We tested runtime performance on two machines, one with a 2023 Apple M2 CPU, one
with a 2023 Intel Xeon Platinum 8481C server CPU, both with stable Rust 1.80.1.
Since one of our competitors (aHash) is reliant on AES-based instructions for
optimal performance we have included both a benchmark with and without
`-C target-cpu=native` for the Intel machine.

We tested across a wide variety of data types we consider representative of
types / distributions one might hash in the real world, in the context of a hash
table key:

- `u32` - random 32-bit unsigned integers,
- `u32pair` - pairs of random 32-bit unsigned integers,
- `u64` - random 64-bit unsigned integers,
- `u64pair` - pairs of random 64-bit unsigned integers,
- `u64lobits` - 64-bit unsigned integers where only the bottom 16 bits vary,
- `u64hibits` - 64-bit unsigned integers where only the top 16 bits vary,
- `ipv4` - [`std::net::Ipv4Addr`](https://doc.rust-lang.org/std/net/struct.Ipv4Addr.html), which is equivalent to `[u8; 4]`,
- `ipv6` - [`std::net::Ipv6Addr`](https://doc.rust-lang.org/std/net/struct.Ipv6Addr.html), which is equivalent to `[u8; 16]`,
- `rgba` - random `(u8, u8, u8, u8)` tuples,
- `strenglishword` - strings containing words sampled uniformly from the top 10,000 most common English words,
- `struuid` - random UUIDs, hashed in string representation,
- `strurl` - strings containing URLs sampled uniformly from a corpus of 10,000 URLs,
- `strdate` - random `YYYY-MM-DD` date strings,
- `accesslog` - `(u128, u32, chrono::NaiveDate, bool)`, meant to simulate a typical
   larger compound type, in this case `(resource_id, user_id, date, success)`
   for an access log.
- `kilobyte` - random bytestrings one kilobyte in length,
- `tenkilobyte` - random bytestrings ten kilobytes in length.

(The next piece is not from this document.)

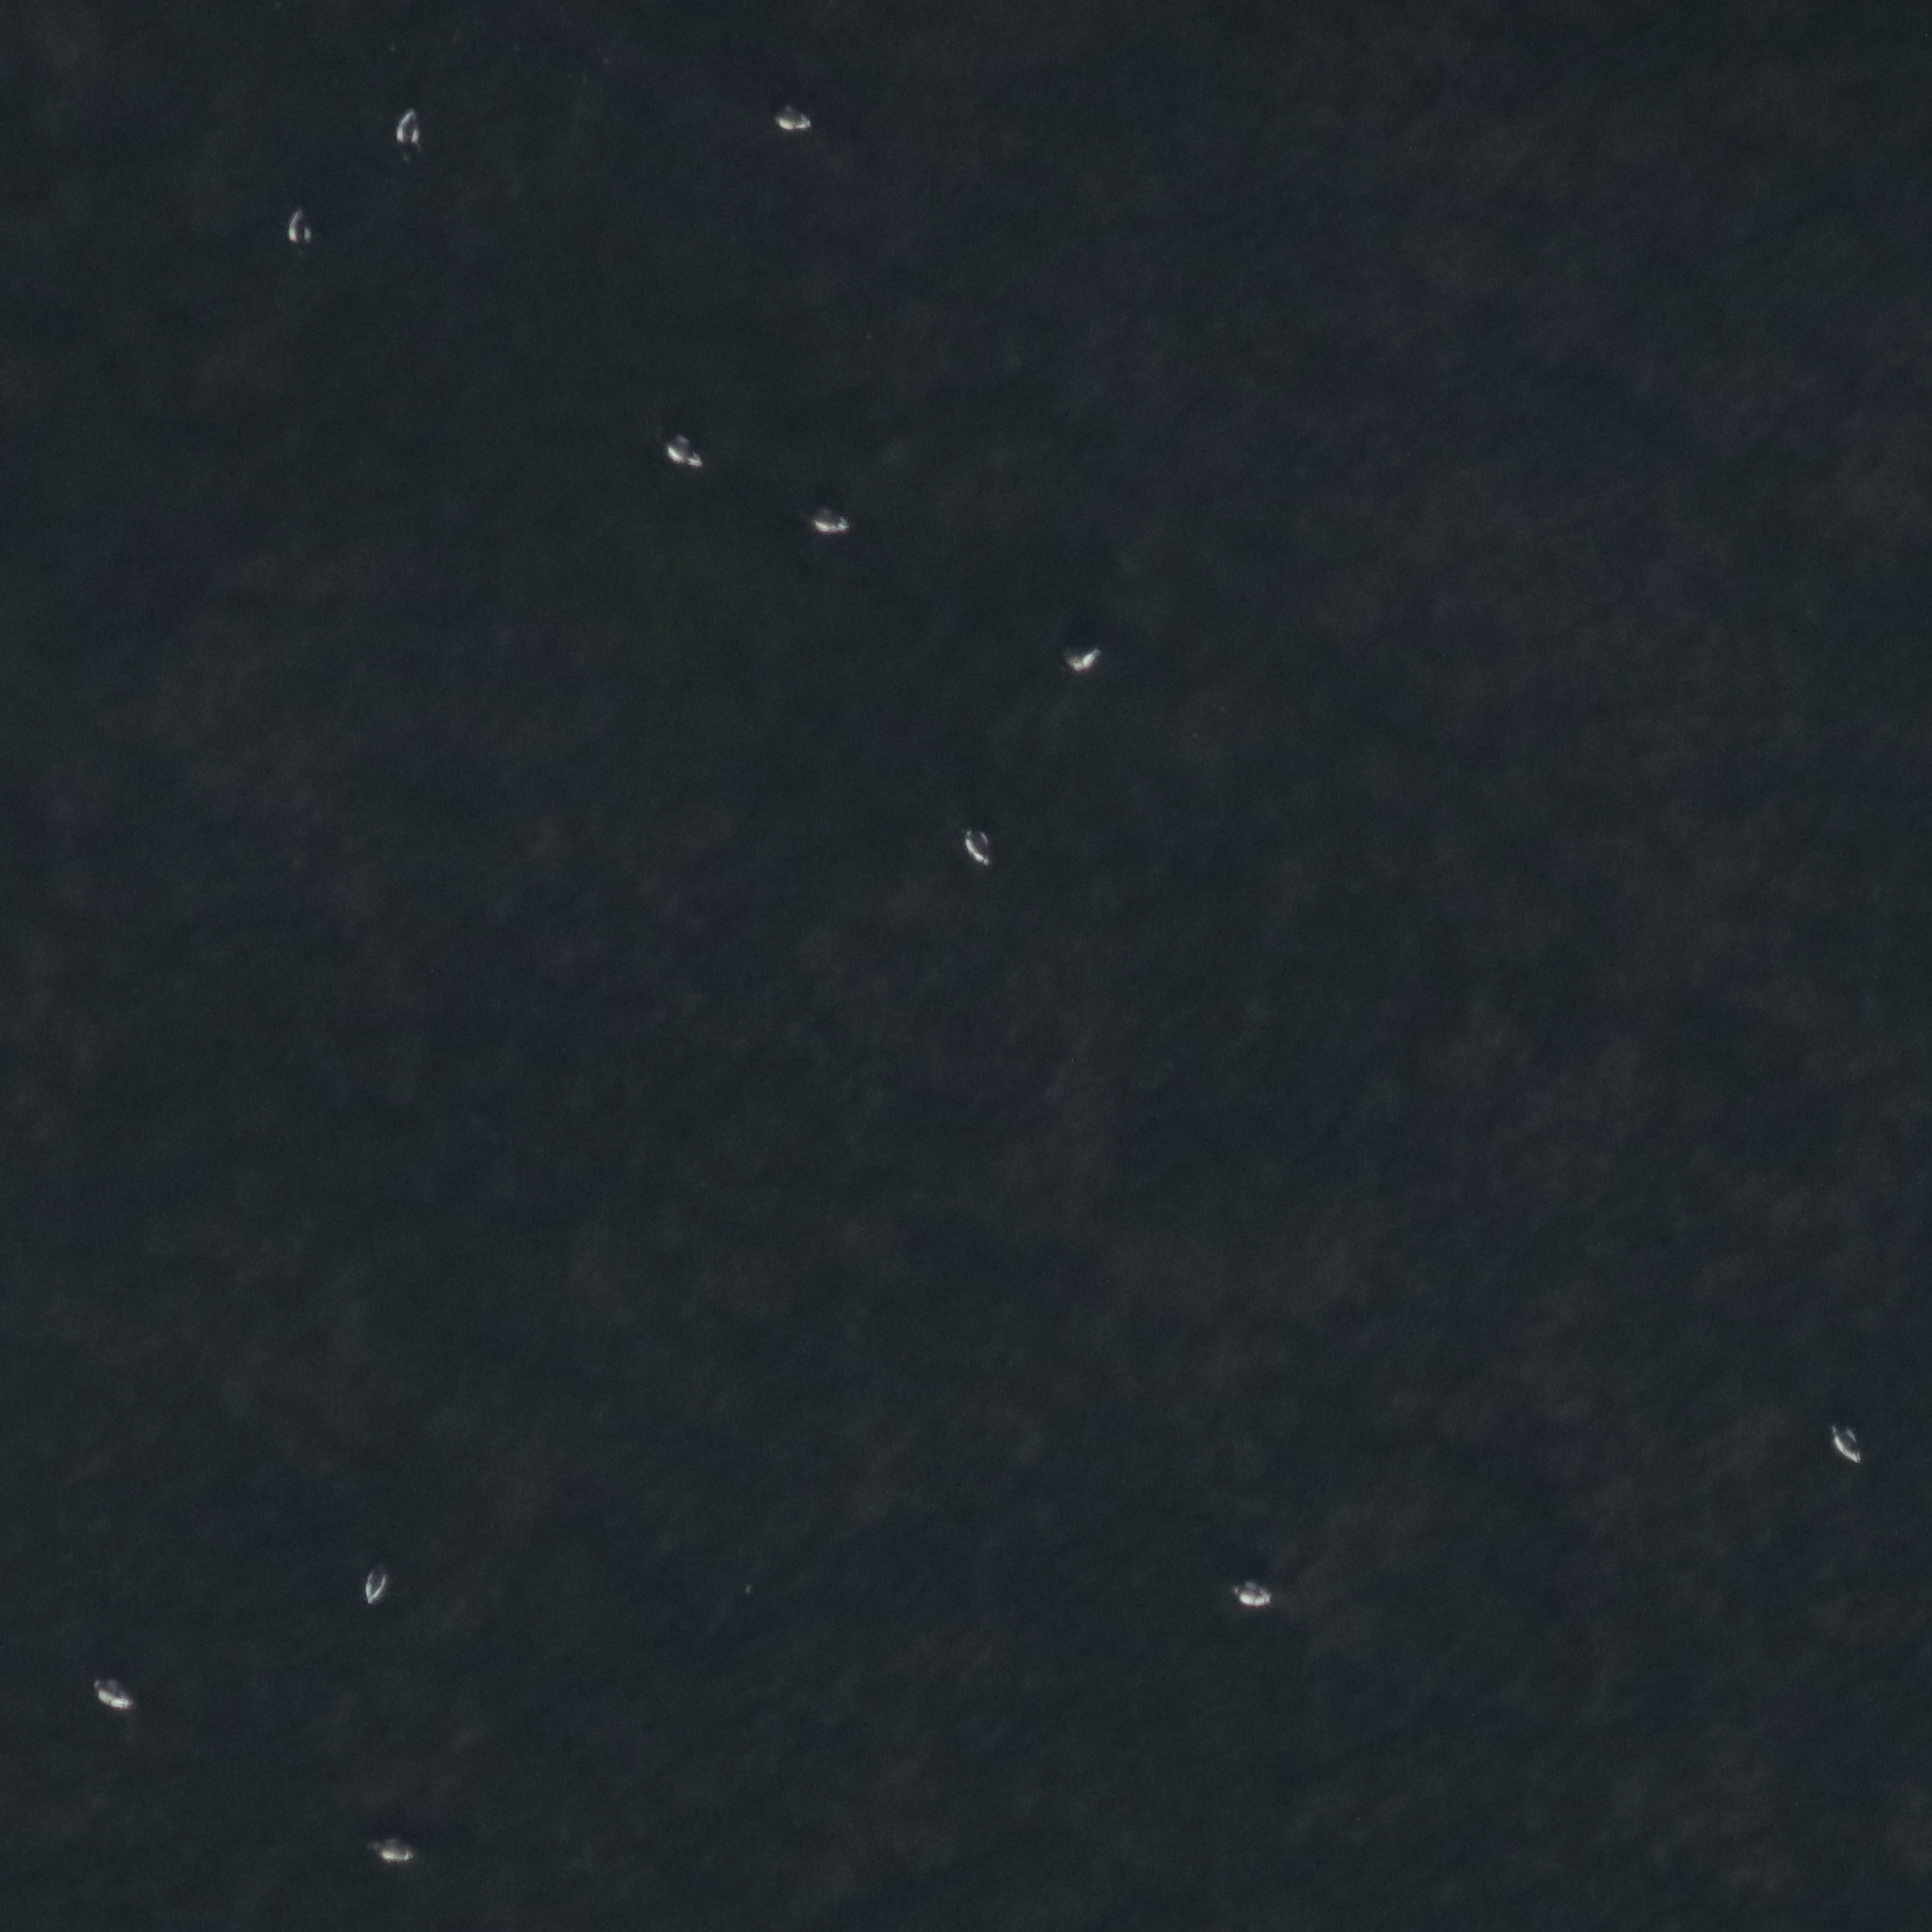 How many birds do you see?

We tested the performance of hashing the above data types in the following four contexts:

- `hashonly` - only the time it takes to hash the value,
- `lookupmiss` - the time it takes to do a lookup in a 1,000 element hash map
of random elements, only sampling keys of which we know that are not in the hash map,
- `lookuphit` - similar to `lookupmiss`, except the keys are sampled from keys
known to be in the hash map,
- `setbuild` - the time it takes to construct a `HashSet` of 1,000 elements
from 1,000 randomly sampled elements each repeated 10 times (so 10,000 inserts,
with ~90% duplicates).

All times are reported as expected time per operation, so one hash, one lookup,
or one insert respectively. The full results [can be found
here](https://gist.github.com/orlp/1271ad5b8b775c651cc55773888858eb). To
summarize, we will only show the results for `u64` and `strenglishword` here, as
well as the observed geometric mean and average rank over the full benchmark.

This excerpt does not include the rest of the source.